> [Exercise description]: In the records below, find the line containing "Now how about" and the line containing "Answer in list order. Run"; please repeat exactly the lines from one to the other, both included, and nothing more.

[Data provided Boundary: Start]

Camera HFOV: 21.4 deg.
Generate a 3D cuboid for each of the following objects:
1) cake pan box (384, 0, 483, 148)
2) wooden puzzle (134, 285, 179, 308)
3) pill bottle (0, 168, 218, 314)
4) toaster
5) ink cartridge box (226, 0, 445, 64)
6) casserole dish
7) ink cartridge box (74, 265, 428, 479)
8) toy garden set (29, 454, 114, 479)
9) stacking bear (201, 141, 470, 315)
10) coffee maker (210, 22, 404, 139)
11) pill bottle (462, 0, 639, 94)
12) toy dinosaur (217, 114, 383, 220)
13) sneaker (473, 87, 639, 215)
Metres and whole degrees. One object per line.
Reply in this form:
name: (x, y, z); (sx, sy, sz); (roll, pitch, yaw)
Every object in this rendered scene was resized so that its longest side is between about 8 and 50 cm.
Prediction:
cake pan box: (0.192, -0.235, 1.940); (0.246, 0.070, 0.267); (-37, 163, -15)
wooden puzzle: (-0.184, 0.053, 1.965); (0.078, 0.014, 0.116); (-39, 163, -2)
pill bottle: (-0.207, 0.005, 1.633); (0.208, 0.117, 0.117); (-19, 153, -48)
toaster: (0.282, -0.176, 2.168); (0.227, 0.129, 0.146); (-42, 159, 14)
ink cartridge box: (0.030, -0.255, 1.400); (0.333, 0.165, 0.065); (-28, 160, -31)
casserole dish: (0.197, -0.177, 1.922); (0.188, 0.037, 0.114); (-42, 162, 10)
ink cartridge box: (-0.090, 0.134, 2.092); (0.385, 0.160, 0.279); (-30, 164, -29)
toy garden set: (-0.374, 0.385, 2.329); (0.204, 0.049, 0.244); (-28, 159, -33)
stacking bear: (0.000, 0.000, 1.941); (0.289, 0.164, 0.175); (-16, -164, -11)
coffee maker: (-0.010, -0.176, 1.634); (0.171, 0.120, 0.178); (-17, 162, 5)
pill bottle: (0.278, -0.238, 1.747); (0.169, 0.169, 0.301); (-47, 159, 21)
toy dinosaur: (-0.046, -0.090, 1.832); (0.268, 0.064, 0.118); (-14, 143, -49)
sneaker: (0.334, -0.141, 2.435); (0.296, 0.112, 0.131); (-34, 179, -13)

[Data provided Boundary: End]
[Data provided Boundary: Start]

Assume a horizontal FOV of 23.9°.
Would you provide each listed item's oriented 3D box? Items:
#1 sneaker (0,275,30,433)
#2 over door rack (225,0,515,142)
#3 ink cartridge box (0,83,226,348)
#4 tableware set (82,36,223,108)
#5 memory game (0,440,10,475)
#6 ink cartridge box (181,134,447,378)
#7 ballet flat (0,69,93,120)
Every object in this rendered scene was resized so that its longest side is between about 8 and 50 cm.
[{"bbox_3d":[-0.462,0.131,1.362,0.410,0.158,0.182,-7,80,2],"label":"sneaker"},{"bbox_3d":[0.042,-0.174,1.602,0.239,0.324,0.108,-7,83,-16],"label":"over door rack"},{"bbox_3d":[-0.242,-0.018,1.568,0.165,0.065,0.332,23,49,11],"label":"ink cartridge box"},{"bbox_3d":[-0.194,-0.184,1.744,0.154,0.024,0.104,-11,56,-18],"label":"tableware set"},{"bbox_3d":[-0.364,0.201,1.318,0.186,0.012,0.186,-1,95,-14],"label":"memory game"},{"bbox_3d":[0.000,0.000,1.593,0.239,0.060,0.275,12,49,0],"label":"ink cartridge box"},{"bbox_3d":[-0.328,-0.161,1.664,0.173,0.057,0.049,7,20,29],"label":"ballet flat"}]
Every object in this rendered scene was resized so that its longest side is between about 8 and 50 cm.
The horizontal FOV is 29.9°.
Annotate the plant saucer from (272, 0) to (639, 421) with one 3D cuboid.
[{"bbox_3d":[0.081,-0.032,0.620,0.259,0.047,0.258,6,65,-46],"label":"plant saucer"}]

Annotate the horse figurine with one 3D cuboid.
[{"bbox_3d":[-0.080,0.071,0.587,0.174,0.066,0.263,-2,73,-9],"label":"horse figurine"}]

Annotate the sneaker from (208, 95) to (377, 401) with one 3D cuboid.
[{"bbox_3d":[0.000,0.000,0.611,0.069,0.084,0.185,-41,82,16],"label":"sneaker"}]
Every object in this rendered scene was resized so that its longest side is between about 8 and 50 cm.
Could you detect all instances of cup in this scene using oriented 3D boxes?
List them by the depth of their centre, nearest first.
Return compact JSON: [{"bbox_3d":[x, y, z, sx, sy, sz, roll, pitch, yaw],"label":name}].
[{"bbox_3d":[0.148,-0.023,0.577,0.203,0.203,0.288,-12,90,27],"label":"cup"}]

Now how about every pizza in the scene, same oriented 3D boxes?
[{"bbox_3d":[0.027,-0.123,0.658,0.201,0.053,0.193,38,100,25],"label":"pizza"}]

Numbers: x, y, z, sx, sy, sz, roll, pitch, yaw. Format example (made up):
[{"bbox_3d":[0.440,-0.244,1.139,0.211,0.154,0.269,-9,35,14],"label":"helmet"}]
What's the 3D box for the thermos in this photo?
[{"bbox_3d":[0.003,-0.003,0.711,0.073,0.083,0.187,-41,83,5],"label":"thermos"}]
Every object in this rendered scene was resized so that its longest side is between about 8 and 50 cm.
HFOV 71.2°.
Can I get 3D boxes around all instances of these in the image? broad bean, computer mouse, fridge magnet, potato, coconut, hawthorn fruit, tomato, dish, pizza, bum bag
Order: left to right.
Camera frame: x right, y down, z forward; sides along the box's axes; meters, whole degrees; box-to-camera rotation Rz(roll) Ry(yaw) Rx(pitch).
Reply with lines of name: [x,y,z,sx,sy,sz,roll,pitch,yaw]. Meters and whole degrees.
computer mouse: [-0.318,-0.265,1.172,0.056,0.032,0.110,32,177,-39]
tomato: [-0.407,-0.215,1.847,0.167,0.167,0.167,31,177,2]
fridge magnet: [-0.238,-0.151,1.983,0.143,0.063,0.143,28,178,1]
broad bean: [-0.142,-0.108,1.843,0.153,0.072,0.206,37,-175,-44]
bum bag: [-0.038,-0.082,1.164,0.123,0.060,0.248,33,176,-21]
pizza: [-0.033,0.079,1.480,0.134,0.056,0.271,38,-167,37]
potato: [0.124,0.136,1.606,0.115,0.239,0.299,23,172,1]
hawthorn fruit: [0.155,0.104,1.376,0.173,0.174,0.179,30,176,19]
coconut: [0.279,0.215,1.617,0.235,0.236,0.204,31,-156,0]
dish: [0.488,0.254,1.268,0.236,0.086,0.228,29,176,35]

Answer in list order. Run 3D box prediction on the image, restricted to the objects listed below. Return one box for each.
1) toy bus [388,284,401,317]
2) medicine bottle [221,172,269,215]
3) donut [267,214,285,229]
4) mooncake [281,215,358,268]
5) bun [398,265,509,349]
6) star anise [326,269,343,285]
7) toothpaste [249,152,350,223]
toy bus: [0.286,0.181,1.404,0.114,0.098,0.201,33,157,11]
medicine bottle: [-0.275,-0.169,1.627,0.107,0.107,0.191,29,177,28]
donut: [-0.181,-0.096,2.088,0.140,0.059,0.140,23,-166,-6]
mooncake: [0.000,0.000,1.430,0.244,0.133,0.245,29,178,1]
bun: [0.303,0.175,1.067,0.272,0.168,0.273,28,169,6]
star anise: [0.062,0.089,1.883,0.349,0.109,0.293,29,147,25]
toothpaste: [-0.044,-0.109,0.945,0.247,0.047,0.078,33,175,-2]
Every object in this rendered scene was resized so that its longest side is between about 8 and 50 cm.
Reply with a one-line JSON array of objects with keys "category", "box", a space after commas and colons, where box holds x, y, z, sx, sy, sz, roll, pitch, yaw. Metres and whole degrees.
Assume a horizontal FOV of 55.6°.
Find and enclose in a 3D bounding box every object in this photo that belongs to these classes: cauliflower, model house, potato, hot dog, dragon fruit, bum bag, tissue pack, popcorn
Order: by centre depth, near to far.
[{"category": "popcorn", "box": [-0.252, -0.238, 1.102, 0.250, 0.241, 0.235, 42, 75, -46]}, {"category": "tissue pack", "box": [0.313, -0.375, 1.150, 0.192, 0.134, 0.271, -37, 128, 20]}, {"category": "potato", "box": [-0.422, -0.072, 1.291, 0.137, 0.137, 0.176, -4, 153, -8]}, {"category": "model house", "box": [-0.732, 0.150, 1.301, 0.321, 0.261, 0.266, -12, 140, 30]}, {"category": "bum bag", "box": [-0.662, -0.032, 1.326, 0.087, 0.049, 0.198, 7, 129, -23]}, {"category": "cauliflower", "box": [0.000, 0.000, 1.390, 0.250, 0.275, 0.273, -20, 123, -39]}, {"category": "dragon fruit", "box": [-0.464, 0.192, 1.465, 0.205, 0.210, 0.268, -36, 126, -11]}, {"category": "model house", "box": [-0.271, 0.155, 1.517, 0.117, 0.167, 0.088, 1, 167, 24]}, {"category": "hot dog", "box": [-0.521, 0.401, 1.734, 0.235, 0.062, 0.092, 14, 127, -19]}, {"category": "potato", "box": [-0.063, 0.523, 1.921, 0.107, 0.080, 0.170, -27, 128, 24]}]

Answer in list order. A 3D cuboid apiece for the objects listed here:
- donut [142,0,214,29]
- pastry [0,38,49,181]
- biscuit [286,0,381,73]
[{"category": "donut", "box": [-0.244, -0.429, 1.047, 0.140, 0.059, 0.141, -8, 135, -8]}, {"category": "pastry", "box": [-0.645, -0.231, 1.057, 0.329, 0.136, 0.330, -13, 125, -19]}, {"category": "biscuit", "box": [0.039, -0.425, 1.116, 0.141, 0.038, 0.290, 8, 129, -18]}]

[Data provided Boundary: End]

> [Result for this exercise]:
Now how about every pizza in the scene, same oriented 3D boxes?
[{"bbox_3d":[0.027,-0.123,0.658,0.201,0.053,0.193,38,100,25],"label":"pizza"}]

Numbers: x, y, z, sx, sy, sz, roll, pitch, yaw. Format example (made up):
[{"bbox_3d":[0.440,-0.244,1.139,0.211,0.154,0.269,-9,35,14],"label":"helmet"}]
What's the 3D box for the thermos in this photo?
[{"bbox_3d":[0.003,-0.003,0.711,0.073,0.083,0.187,-41,83,5],"label":"thermos"}]
Every object in this rendered scene was resized so that its longest side is between about 8 and 50 cm.
HFOV 71.2°.
Can I get 3D boxes around all instances of these in the image? broad bean, computer mouse, fridge magnet, potato, coconut, hawthorn fruit, tomato, dish, pizza, bum bag
Order: left to right.
Camera frame: x right, y down, z forward; sides along the box's axes; meters, whole degrees; box-to-camera rotation Rz(roll) Ry(yaw) Rx(pitch).
Reply with lines of name: [x,y,z,sx,sy,sz,roll,pitch,yaw]. Meters and whole degrees.
computer mouse: [-0.318,-0.265,1.172,0.056,0.032,0.110,32,177,-39]
tomato: [-0.407,-0.215,1.847,0.167,0.167,0.167,31,177,2]
fridge magnet: [-0.238,-0.151,1.983,0.143,0.063,0.143,28,178,1]
broad bean: [-0.142,-0.108,1.843,0.153,0.072,0.206,37,-175,-44]
bum bag: [-0.038,-0.082,1.164,0.123,0.060,0.248,33,176,-21]
pizza: [-0.033,0.079,1.480,0.134,0.056,0.271,38,-167,37]
potato: [0.124,0.136,1.606,0.115,0.239,0.299,23,172,1]
hawthorn fruit: [0.155,0.104,1.376,0.173,0.174,0.179,30,176,19]
coconut: [0.279,0.215,1.617,0.235,0.236,0.204,31,-156,0]
dish: [0.488,0.254,1.268,0.236,0.086,0.228,29,176,35]

Answer in list order. Run 3D box prediction on the image, restricted to the objects listed below. Return one box for each.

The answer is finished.